Citation : PN c Ministre de l’Emploi et du Développement social, 2022 TSS 235

Tribunal de la sécurité sociale du Canada
Division générale - Section de la sécurité du revenu

Décision

Partie appelante : P. N.
Représentante ou représentant : Rajinder Johal
Partie intimée : Ministre de l’Emploi et du Développement social

Décision portée en appel : Décision de révision du ministre de l’Emploi et du Développement social datée du 30 juillet 2020 (transmise par Service Canada)

Membre du Tribunal : Jean Lazure
Mode d’audience : Téléconférence
Date de l’audience : Le 22 octobre 2021
Personnes présentes à l’audience : Partie appelante
Représentant de la partie appelante
Date de la décision : Le 11 novembre 2021
Numéro de dossier : GP-20-1129

Sur cette page

Décision

[1] L’appel est rejeté.

[2] Le requérant, P. N., n’est pas admissible à une pension d’invalidité du Régime de pensions du Canada (RPC). Cette décision explique pourquoi je rejette l’appel.

Aperçu

[3] Le requérant avait 61 ans à la date de l’audience. Il a terminé sa 10e année. Il a immigré au Canada en 1990.
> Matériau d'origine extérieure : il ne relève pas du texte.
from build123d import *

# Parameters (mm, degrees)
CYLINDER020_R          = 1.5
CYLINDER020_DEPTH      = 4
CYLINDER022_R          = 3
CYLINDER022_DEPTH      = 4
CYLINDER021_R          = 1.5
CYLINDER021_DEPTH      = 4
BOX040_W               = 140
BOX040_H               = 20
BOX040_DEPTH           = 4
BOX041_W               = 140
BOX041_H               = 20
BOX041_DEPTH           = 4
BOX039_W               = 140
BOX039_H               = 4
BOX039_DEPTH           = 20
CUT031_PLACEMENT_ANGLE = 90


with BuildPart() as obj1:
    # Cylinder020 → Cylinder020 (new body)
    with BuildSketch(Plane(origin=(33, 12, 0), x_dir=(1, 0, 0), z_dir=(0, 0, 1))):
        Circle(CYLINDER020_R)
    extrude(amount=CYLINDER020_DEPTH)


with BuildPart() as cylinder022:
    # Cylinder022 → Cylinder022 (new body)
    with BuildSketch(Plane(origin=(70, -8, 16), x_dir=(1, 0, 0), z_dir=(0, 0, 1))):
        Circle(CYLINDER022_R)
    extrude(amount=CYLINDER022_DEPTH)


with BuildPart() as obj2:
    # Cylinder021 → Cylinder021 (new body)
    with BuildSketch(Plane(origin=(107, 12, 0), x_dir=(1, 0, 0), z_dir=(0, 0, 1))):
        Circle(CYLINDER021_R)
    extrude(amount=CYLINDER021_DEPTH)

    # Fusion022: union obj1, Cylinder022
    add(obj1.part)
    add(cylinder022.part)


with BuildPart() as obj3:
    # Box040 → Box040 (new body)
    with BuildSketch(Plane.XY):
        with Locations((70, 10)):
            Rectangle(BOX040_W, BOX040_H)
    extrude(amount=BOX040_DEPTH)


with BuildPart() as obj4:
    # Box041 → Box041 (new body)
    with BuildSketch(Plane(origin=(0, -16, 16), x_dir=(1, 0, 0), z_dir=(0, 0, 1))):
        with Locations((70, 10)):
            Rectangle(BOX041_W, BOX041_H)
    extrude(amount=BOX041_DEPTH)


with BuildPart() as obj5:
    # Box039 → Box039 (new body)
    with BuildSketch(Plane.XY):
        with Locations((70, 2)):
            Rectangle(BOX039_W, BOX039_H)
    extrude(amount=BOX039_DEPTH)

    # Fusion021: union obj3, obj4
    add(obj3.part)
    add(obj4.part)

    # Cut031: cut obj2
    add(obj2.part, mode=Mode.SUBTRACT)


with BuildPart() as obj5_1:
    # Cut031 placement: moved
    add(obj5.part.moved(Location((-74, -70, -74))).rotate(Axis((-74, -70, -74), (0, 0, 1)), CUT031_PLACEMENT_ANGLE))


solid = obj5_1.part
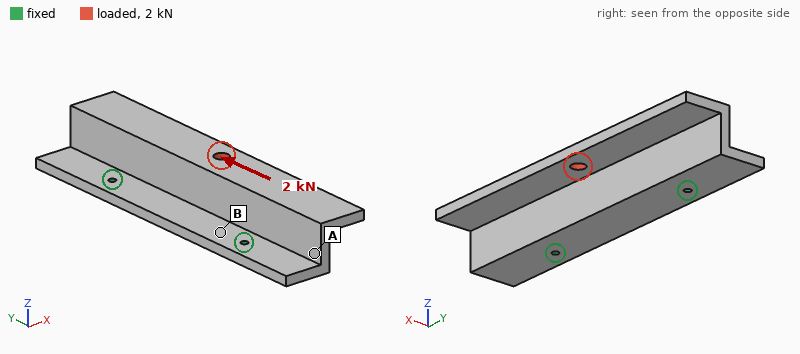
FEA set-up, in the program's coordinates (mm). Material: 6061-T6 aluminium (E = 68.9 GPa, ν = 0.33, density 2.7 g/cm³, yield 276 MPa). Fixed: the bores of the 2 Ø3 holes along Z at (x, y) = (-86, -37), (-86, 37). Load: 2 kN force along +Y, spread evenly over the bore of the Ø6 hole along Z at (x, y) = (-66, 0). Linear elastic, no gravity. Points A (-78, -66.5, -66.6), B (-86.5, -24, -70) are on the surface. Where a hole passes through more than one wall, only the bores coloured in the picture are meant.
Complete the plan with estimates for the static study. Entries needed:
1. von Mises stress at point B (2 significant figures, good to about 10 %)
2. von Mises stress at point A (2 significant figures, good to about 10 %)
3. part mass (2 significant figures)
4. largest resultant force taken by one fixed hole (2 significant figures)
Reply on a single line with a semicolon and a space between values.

15 MPa; 6.2 MPa; 78 g; 1.2 kN
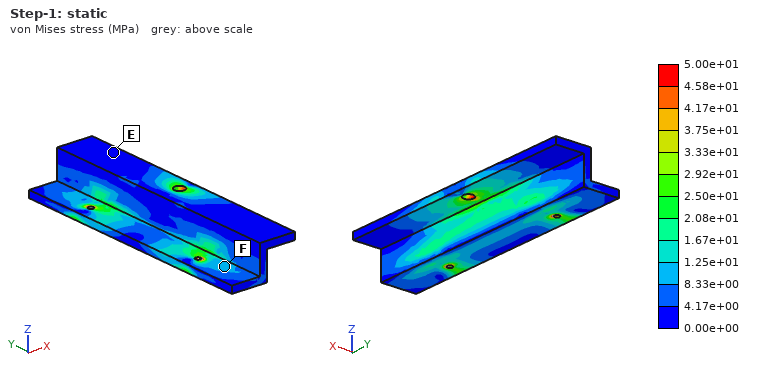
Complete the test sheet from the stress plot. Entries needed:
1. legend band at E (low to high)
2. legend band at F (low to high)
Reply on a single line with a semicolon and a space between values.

0.00e+00 to 4.17e+00 MPa; 8.33e+00 to 1.25e+01 MPa
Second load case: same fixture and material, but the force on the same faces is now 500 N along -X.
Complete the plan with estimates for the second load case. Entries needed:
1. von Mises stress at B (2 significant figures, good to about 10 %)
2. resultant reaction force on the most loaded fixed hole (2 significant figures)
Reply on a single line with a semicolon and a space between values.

25 MPa; 250 N
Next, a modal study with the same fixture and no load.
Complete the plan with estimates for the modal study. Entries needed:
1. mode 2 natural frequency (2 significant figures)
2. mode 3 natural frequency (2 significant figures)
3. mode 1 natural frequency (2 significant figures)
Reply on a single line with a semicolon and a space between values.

2200 Hz; 3700 Hz; 1600 Hz

[4] Depuis son arrivée au Canada, le requérant a occupé divers postes d’opérateur de machine à commande numérique par ordinateur.

[5] Il a reçu un diagnostic d’affection des artères coronaires en juin 2018. Il a arrêté de travailler à ce moment-là et n’a pas retravaillé depuis.

[6] Le requérant a demandé une pension d’invalidité du RPC le 13 décembre 2019, date à laquelle le ministre a reçu sa demandeNote de bas de page 1. Le ministre de l’Emploi et du Développement social a rejeté sa demande. Le requérant a fait appel de la décision du ministre à la division générale du Tribunal de la sécurité sociale.

[7] Le requérant soutient que compte tenu de son état physique, son invalidité est grave, prolongée et d’une durée indéfinie, et qu’il est incapable de travailler.

[8] Le ministre affirme que l’état cardiaque du requérant est stable et que la preuve ne révèle aucun problème cardiaque important. Le ministre fait valoir que bien qu’il [traduction] « soit admis que M. N. ait quelques limitations physiques, en l’absence d’une pathologie grave, une participation à des activités professionnelles convenables n’est pas contre-indiquée sur le plan médicalNote de bas de page 2 ».

Ce que le requérant doit prouver

[9] Pour avoir gain de cause, le requérant doit prouver qu’il est atteint d’une invalidité grave et prolongée à la date de l’audienceNote de bas de page 3.

[10] Le RPC définit les adjectifs « grave » et « prolongée ».

[11] Une invalidité est grave si elle rend la personne régulièrement incapable de détenir une occupation véritablement rémunératriceNote de bas de page 4.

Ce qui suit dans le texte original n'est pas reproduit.